Start of PROVIDED INFORMATION

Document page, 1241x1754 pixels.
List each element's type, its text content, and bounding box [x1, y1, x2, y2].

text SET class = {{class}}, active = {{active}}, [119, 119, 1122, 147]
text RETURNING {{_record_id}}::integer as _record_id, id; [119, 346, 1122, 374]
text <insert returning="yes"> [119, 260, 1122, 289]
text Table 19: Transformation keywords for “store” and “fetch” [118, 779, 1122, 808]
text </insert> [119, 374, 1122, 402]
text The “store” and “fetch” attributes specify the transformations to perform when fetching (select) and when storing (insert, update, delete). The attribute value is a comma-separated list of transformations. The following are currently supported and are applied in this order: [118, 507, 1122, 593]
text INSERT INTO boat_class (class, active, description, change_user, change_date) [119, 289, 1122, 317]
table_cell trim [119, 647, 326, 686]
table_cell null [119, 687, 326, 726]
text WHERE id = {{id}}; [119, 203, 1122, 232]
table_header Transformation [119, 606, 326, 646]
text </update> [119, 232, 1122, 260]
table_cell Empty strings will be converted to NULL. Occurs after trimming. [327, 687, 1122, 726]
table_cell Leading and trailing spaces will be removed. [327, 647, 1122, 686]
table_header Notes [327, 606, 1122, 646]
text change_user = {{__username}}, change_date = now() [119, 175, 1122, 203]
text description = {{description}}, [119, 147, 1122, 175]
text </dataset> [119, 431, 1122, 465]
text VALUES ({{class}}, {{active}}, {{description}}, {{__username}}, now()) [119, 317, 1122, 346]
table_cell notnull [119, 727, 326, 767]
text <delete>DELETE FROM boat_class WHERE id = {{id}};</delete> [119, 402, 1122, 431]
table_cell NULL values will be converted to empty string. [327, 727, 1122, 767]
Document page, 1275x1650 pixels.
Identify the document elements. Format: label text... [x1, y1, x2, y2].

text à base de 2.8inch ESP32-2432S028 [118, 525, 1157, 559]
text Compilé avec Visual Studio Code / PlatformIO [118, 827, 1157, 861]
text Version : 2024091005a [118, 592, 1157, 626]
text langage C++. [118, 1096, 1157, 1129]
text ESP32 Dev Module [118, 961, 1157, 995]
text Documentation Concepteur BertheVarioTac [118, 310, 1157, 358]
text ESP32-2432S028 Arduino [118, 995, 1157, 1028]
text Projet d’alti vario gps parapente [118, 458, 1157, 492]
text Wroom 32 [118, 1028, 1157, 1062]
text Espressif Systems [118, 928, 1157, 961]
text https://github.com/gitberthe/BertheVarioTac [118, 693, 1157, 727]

End of PROVIDED INFORMATION

__EXERCISE__
Quote the data above verbatim from its first line to the line that includes "text WHERE id", with both boundary lines retained.

__PROBLEM SOLUTION__
Document page, 1241x1754 pixels.
List each element's type, its text content, and bounding box [x1, y1, x2, y2].

text SET class = {{class}}, active = {{active}}, [119, 119, 1122, 147]
text RETURNING {{_record_id}}::integer as _record_id, id; [119, 346, 1122, 374]
text <insert returning="yes"> [119, 260, 1122, 289]
text Table 19: Transformation keywords for “store” and “fetch” [118, 779, 1122, 808]
text </insert> [119, 374, 1122, 402]
text The “store” and “fetch” attributes specify the transformations to perform when fetching (select) and when storing (insert, update, delete). The attribute value is a comma-separated list of transformations. The following are currently supported and are applied in this order: [118, 507, 1122, 593]
text INSERT INTO boat_class (class, active, description, change_user, change_date) [119, 289, 1122, 317]
table_cell trim [119, 647, 326, 686]
table_cell null [119, 687, 326, 726]
text WHERE id = {{id}}; [119, 203, 1122, 232]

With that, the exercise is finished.